Architectural history
Legend relates that Saberht, the first Christian king of the East Saxons, founded a church on a small island in the River Thames, then known as Thorney but later called the west minster (or monastery), and that this church was miraculously consecrated by St. Peter. It is certain that about 785 CE there was a small community of monks on the island and that the monastery was enlarged and remodeled by St. Dunstan of Canterbury about 960. St. Edward the Confessor built a new church on the site, which was consecrated on December 28, 1065. It was of considerable size and cruciform in plan. In 1245 Henry III pulled down the whole of Edward’s church (except the nave) and replaced it with the present abbey church in the pointed Gothic style of the period. The design and plan were strongly influenced by contemporary French cathedral architecture.

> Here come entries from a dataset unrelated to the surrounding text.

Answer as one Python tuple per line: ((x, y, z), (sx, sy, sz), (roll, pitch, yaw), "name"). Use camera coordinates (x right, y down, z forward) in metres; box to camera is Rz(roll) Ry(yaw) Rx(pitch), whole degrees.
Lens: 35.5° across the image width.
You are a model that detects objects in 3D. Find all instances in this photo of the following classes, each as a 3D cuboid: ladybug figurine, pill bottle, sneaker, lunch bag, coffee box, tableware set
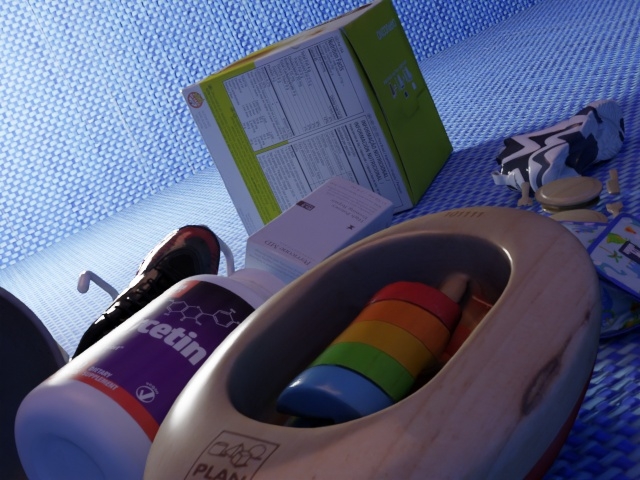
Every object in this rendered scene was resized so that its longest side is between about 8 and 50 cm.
((0.055, 0.132, 0.775), (0.305, 0.161, 0.449), (4, 33, 42), "ladybug figurine")
((-0.149, 0.154, 1.053), (0.182, 0.181, 0.323), (-13, 18, 38), "pill bottle")
((0.346, -0.140, 1.505), (0.153, 0.094, 0.235), (3, 39, 46), "sneaker")
((-0.210, 0.096, 1.209), (0.276, 0.098, 0.135), (-53, 6, -11), "sneaker")
((0.276, 0.037, 0.980), (0.151, 0.096, 0.129), (5, 26, 36), "lunch bag")
((0.010, -0.221, 1.869), (0.334, 0.338, 0.337), (-18, 16, 25), "coffee box")
((0.316, -0.029, 1.264), (0.128, 0.039, 0.194), (-8, 24, 16), "tableware set")

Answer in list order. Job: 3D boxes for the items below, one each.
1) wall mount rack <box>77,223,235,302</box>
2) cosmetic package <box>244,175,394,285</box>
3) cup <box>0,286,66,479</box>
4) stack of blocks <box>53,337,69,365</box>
((-0.224, 0.148, 1.357), (0.350, 0.130, 0.304), (-21, 52, 19), "wall mount rack")
((0.000, 0.000, 1.496), (0.117, 0.085, 0.231), (26, 39, 23), "cosmetic package")
((-0.484, 0.204, 1.136), (0.331, 0.331, 0.237), (-35, 15, -37), "cup")
((-0.458, 0.228, 1.427), (0.171, 0.087, 0.297), (-39, 15, -3), "stack of blocks")

The rebuilding of the Norman-style nave was begun by the late 1300s under the architect Henry Yevele and continued intermittently until Tudor times. The Early English Gothic design of Henry III’s time predominates, however, giving the whole church the appearance of having been built at one time. The chapel of Henry VII (begun c. 1503), in Perpendicular Gothic style, replaced an earlier chapel and is famed for its exquisite fan vaulting. Above the original carved stalls hang the banners of the medieval Order of the Bath.

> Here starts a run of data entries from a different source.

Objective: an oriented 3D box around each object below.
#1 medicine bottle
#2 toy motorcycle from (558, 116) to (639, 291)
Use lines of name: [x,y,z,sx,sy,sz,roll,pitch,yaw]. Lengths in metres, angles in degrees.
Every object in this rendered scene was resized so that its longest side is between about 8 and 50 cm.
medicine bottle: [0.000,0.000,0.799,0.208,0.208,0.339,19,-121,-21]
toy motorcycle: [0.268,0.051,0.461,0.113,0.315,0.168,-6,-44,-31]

The western towers were the last addition to the building. They are sometimes said to have been designed by Sir Christopher Wren, but they were actually built by Nicholas Hawksmoor and John James and completed about 1745. The choir stalls in the body of the church date from 1847, and the high altar and reredos were remodeled by Sir George Gilbert Scott in 1867. Scott and J.L. Pearson also restored the north transept facade in the 1880s. The abbey was heavily damaged in the bombings that ravaged London in World War II, but it was restored soon after the war.
Coronations, weddings, and burials
Since William the Conqueror, every British sovereign has been crowned in the abbey except Edward V and Edward VIII, neither of whom was crowned. Additionally, Westminster Abbey has a long tradition of royal weddings, beginning with Henry I’s marriage to Matilda of Scotland in 1100. The only other reigning monarch to be wed in the abbey was Richard II, who married Anne of Bohemia in 1382. The abbey was the venue for the wedding of Prince William and Catherine Middleton in 2011.
Many kings and queens are buried near the shrine of Edward the Confessor or in Henry VII’s chapel. The last sovereign to be buried in the abbey was George II (died 1760); since then they have been buried at Windsor Castle. The abbey is crowded with the tombs and memorials of famous British subjects, such as Sir Isaac Newton, David Livingstone, and Ernest Rutherford. Part of the south transept is well known as Poets’ Corner and includes the tombs of Geoffrey Chaucer, Ben Jonson (who was buried upright), John Dryden, Robert Browning, and many others. The north transept has many memorials to British statesmen. The grave of the “Unknown Warrior,” whose remains were brought from Flanders (Belgium) in 1920, is in the centre of the nave near the west door.